An update for everyone. I toyed with it a little more this afternoon. Determined to roll that distributor over and get the timing closer. And I do think I did get the timing closer. I think part of my issue was that my idle speed was adjusted too high. My digital timing light said my idle speed was around 700. I didn't think that was a big deal to have it a little high. Most folks bump their throttle up a little bit as soon as they crank it, right?
So anyway, I repeated a procedure of roll the distributor (rolling clockwise looking from seat or cap, top of distributor away from tractor) and turning the idle screw in a little. I think I quit when I was a little less than 30 degrees still to go to get to zero at idle. Which is about twice as good as it was. Still not change in power though. Tried to cut the PTO on last thing and it refused to get the blades spinning in 1st gear.
I believe the carb rebuild guidelines I read to set the idle screw at 1 1/4 turns back from all the way in as a start. I think I'm less than one full turn from being seated. It's still idling around 600 right now, quite a ways from the 475 RPM stated in the service manual. Should I worry about getting the idle down to around 500 first, and then work on the timing? Do I need to do them together? It occurred to me today that one of the reasons my timing numbers were off is that I was trying to compare an idle reading of zero degrees when my engine was turning 700 RPM.
It seems that it's going to be difficult to get it down to idle at 500 RPM. I need to go in and make sure the valves are adjusted correctly so I can be confident in this "turn until pinging occurs" timing technique. Not looking forward to either doing that with the carb still on or taking the carb off to do it. And then I've got a little oil issue I'll discuss in another thread.
Thanks for the help everyone that replied to this thread! And thanks to everybody for answering the PM's. I'm really at a tipping point of being determined to get the engine set correctly and anxious about pushing it to catastrophic failure.
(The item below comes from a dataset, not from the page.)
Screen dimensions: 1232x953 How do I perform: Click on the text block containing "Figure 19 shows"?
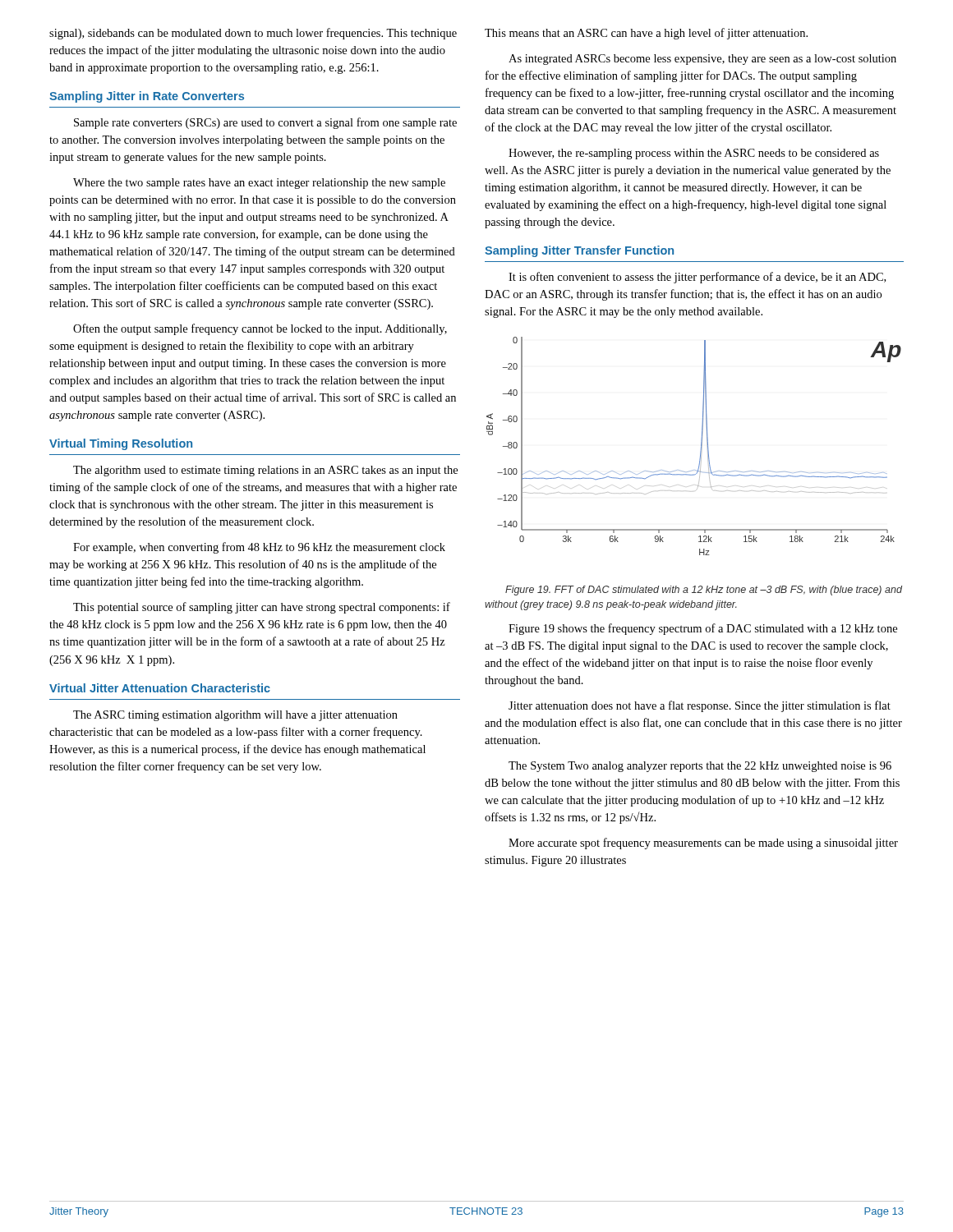tap(703, 629)
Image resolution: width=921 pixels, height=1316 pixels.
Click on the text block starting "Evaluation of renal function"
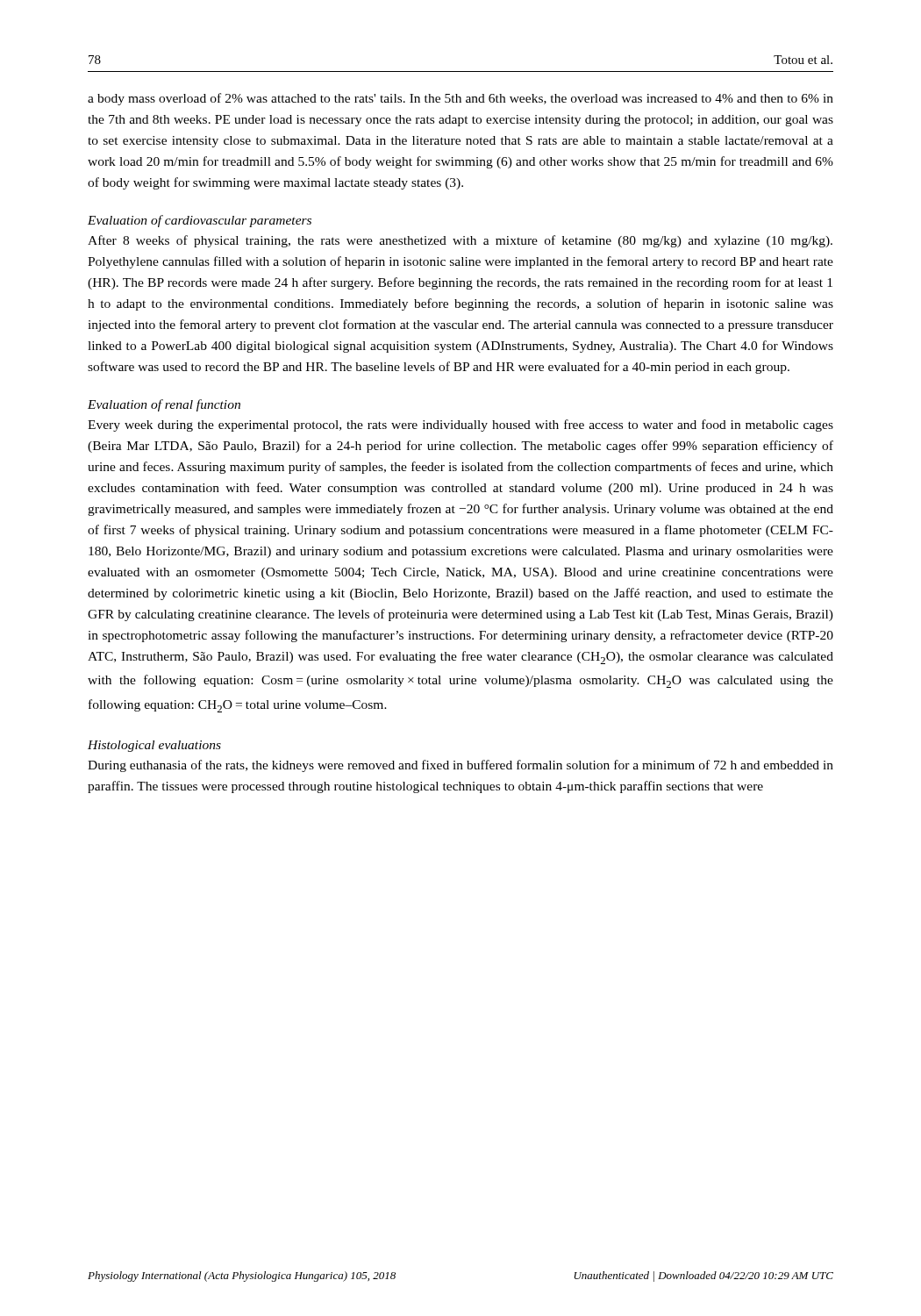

'48 Cub 12V Conversion, Zenith Carb, Electronic Ignition
Compression numbers seem a little low to me. If tested wet and that's what you came up with. You need a pretty good engine to run a mower well with a cub.
Did you run SeaFoam through the crankcase and the gas? 1/2 bottle in each. Don't worry about the smoking after you put the SeaFoam in, the carbon is just cleaning up. Did you adjust the valves yet? The valve lash is important. This should also help with the compression numbers as well as power.
Idle speed can be anywhere from 400 to 700 .. some on the low side and some on the higher side. 700 rpm is not all that high so I certainly would not obsess too much on the idle speed.
That is for the idle air control - it adjusts air-fuel mixture only, and only at idle. To set idle speed, there is a screw on the throttle plate bracket.
Eddie - a 1959 International Lo-Boy named after my father in law, who who bought her new.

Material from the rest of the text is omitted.